Pennsylvania. The University of Pennsylvania Press has long-established lists in interdisciplinary and comparative literary studies, from the medieval to the modern; its Material Texts series, in particular, explores cultural technologies of communication—books, manuscripts, scrolls, films, graffiti, the actor’s voice—with particular attention to the ways that the specific material forms in which linguistic communications are cast affect their meaning. Yet the scholarly ambitions of the list have been hampered by concerns about market, and when book sales are considered, certain fields—early modern French or German, Italian studies of any period—have heretofore been only marginally viable at best. The Mellon grant will help remove such restrictions.
Virginia. As the publisher of a translation series in francophone literature from the Caribbean and Africa, Virginia occasionally takes on studies of these literatures (not translations) that demand knowledge of French. Similarly, the Press also publishes Caribbean cultural studies that often demand a knowledge of the multiple languages in that region—not only French but also Spanish, Portuguese, and Dutch. These multilingual studies tend to be underserved because of their specialization, and up to now, Virginia has published only a small number of them. Again, the Mellon grant will work to remove this restriction.

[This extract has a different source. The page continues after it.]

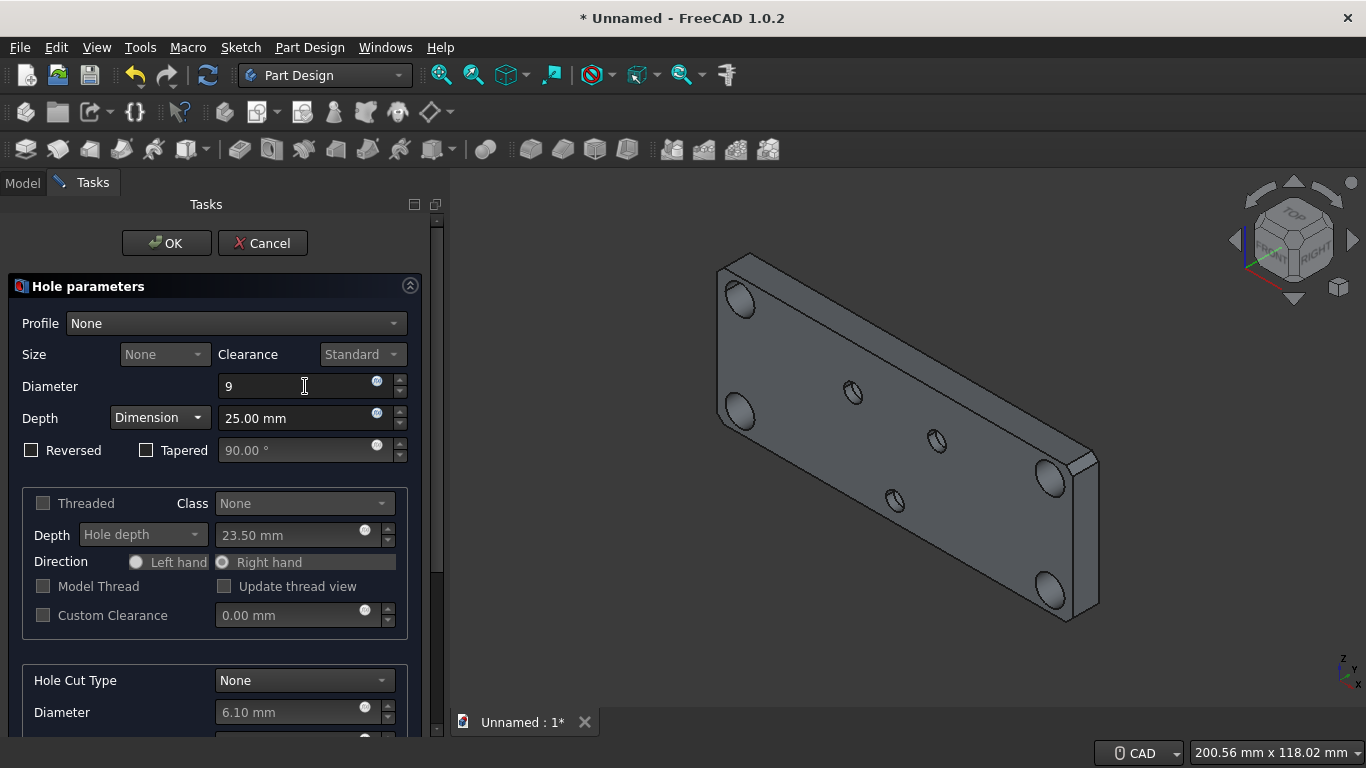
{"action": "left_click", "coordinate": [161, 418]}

Washington. The University of Washington Press’s publications in literary studies cover a range of world literatures studied from a variety of disciplinary perspectives, with particular focus on the literatures of Asia (especially China), Scandinavia, and the Middle East. The Literary Conjugations series investigates literary artifacts in their cultural and historical environments.
The Consortium: Editorial Processes
The Modern Literature Initiative focuses on single-author works by first-time authors. Participating presses are using the initiative both to build on existing strengths and to add work concerning languages on which they have not published before.
Because this initiative focuses not on this language or that language, but rather on questions involving language itself—and because the consortium explicitly involves presses with either series or lists that in their conception cut across distinctions between individual languages—the question is not whether X press will add books in Y language, but that of increasing these presses’ ability to publish on a scale that might help address a crisis in scholarly communication in the modern languages.
Each press applies its own policies for acquisition, review, approval, revision, and development, up to the point of transmittal to an outside managing editor for copyediting and production. We also offer a standard royalty advance of $1,000.